[Community Puzzle] Running Up That Hill

Finished.
Not so easy
And they are solutions with non invertible matrix

What?
They are invertible if you choose them correctly.

Off course,
If you choose them correctly.

This has been a fun puzzle so far… my knowledge of linear algebra is over 30 years old and dusty.

I’m stuck with only being able to get the 2x2 hill challenges. My code times out for 3x3 or more. I’m brute force checking for hill values.

I have tried to compute this like AB mod 45 = C.
So, A = CBt(B Bt)i

My matrix classes only handle integers… and when I compute (B Bt)i I get all 0 values. Perhaps this is because I’m not taking into account the “mod 45” Do I need to scale up the matrix to avoid fractions? Do I need to make my matrix class handle doubles? (I’m in Java)

You have to compute the matrix inverse with a non-prime modulus.
Use Gauß elimination.

Now I’m pre-computing a map of the modular inverse of all numbers from 0 to 44 for mod 45 in an initialization step. Almost half of the numbers don’t have modular inverses. I’m using this map to reduce the pivot to 1. My code works for the first test case, but not for the second.

The inverse that I’m trying to compute is of (B Bt).

I’m doing that because I’m solving like this: A = C Bt (B Bt)i Am I on the right track with this?

Whenever I multiply matrices together I’m doing mod 45 on it. Also, if an entire matrix has a greatest common factor, I reduce the matrix by that GCF.

For the second test case we have this B:

17, 30, 13, 36, 15, 21, 31
24, 23, 28, 24, 36, 24, 14

So, I have B Bt mod 45:
6, 24
24, 33

There’s GCD of 3 so I reduce B Bt to:
2, 8
8, 11

But I can’t compute the inverse of this matrix because I hit on the problem of no modular inverse. Even if I swap the rows I have this problem. For example, when I make the first pivot 1 and then reduce the numbers below it to 0 I get:

1, 4
0, 24

But 24 does not have a modular inverse for us. I hit on the same problem even if I reverse the rows.

Am I barking up the wrong tree here? Thanks.

Read some earlier comments, same issue was discussed.
When you encounter a non-invertible pivot, you need to modify your matrix. There are matrix operations that make the next pivot invertible without modifying the solution.

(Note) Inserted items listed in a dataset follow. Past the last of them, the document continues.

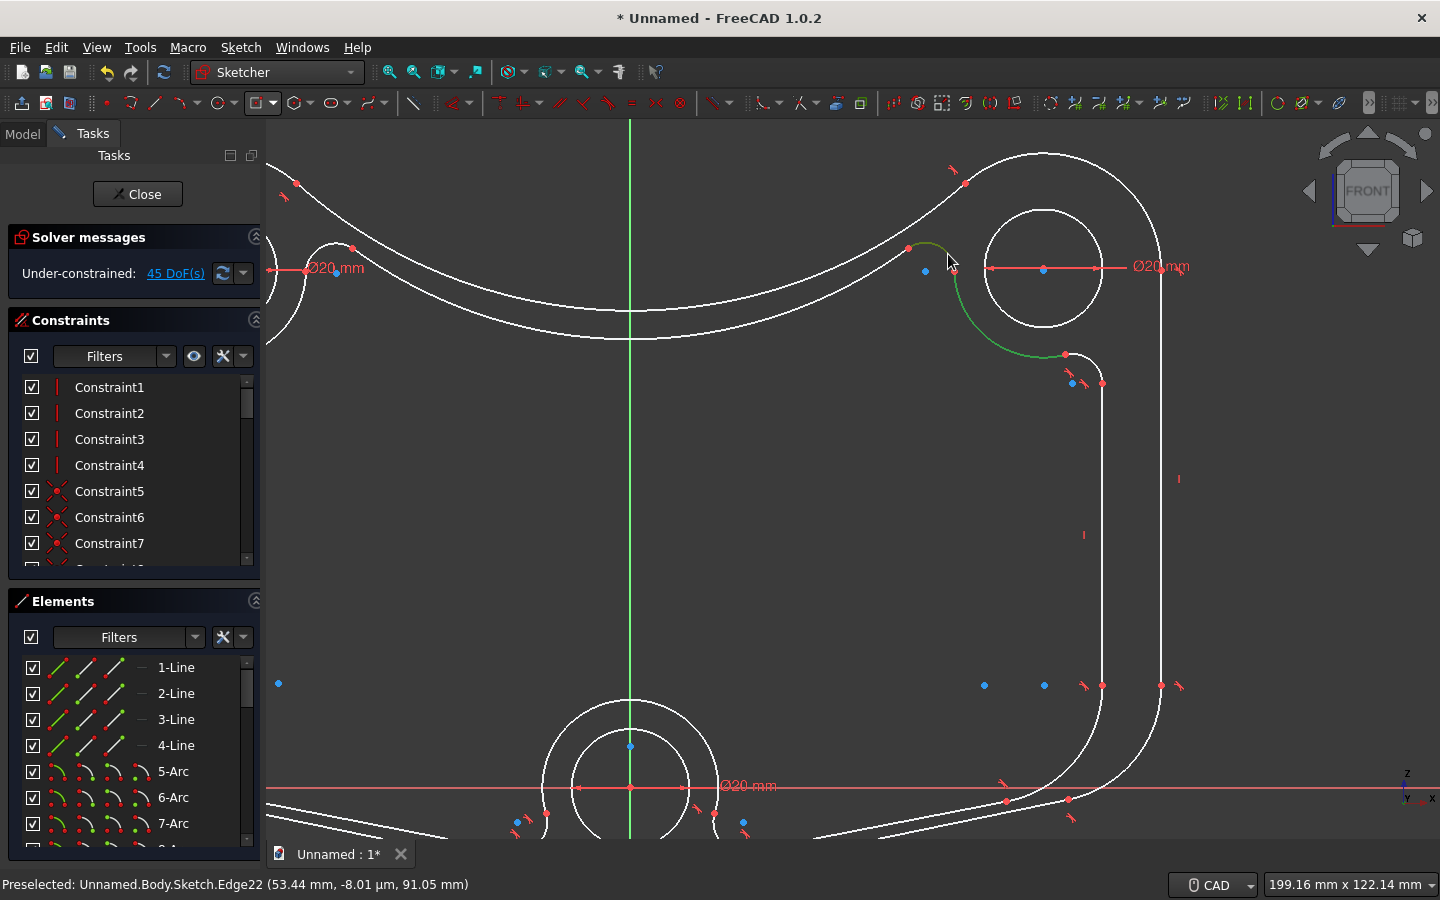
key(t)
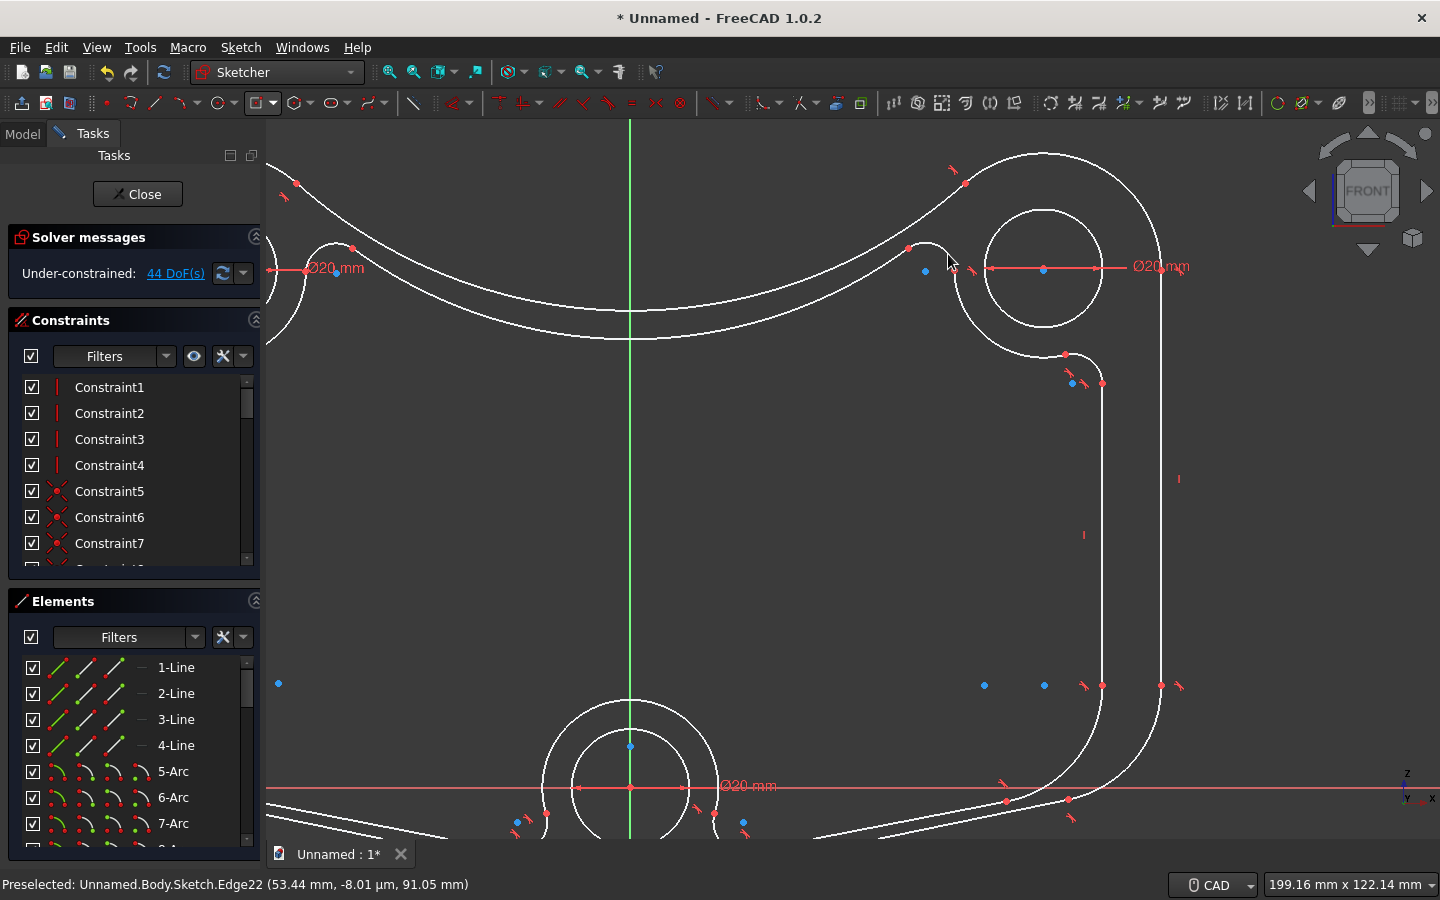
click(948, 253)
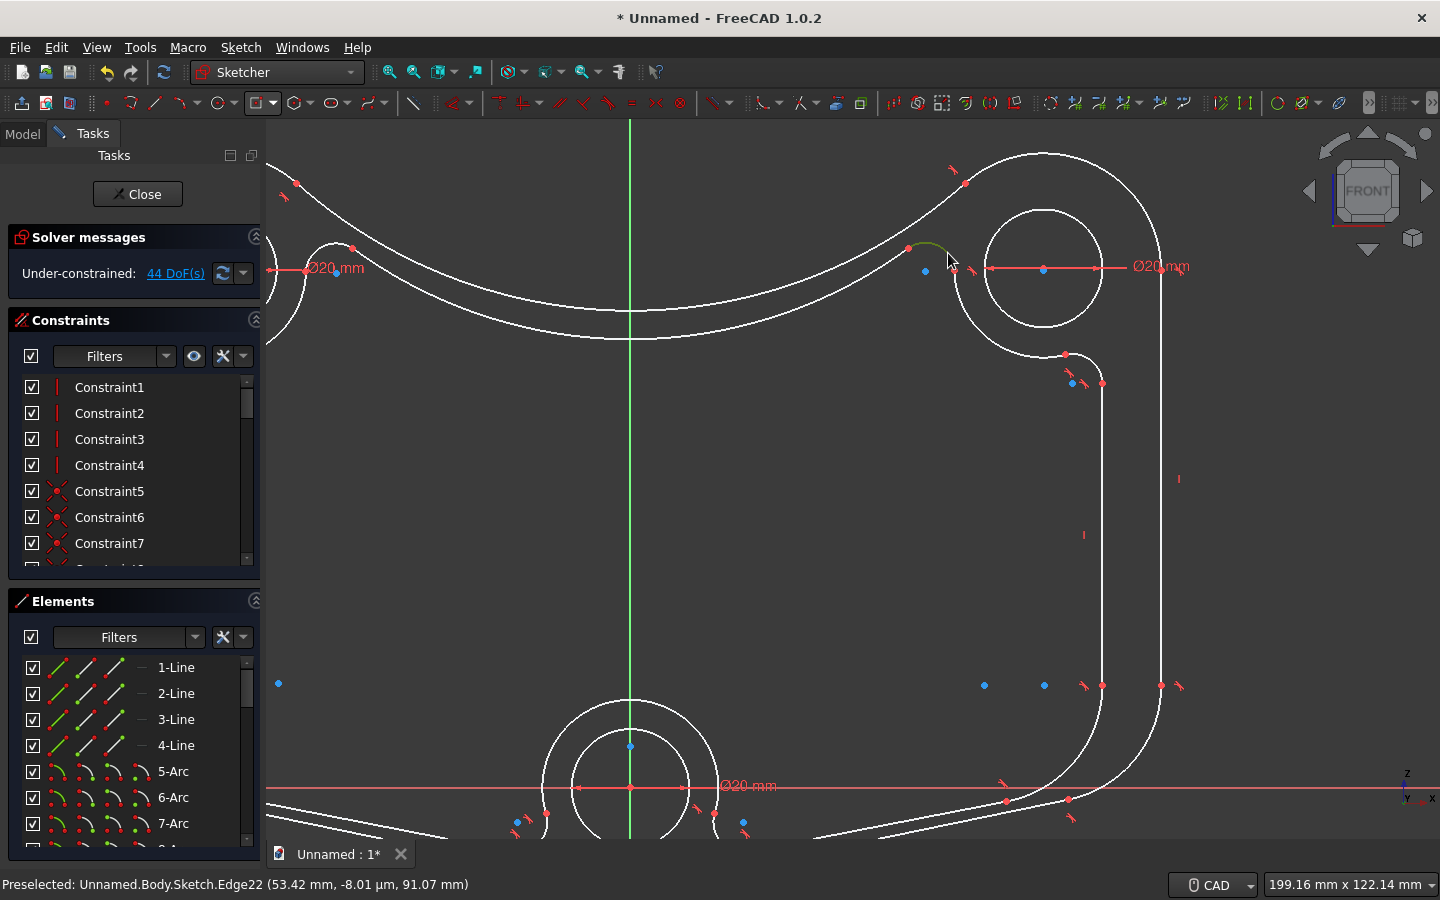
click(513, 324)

I abandoned the approach of solving this: A = C Bt (B Bt)i

I’m solving for the hill matrix a different way - with square matrix subsets of B and C.

Decrypting is tricky because I need to invert the hill matrix but that is also working now.

All of the test cases in the puzzle are solved, however when I submit I’m at 93% with ‘Another 6x6’ failing.

Not sure what to do because I can’t see the test inputs so I can’t diagnose where it’s failing.

You can send me your code (in private), I’ll send back what’s wrong.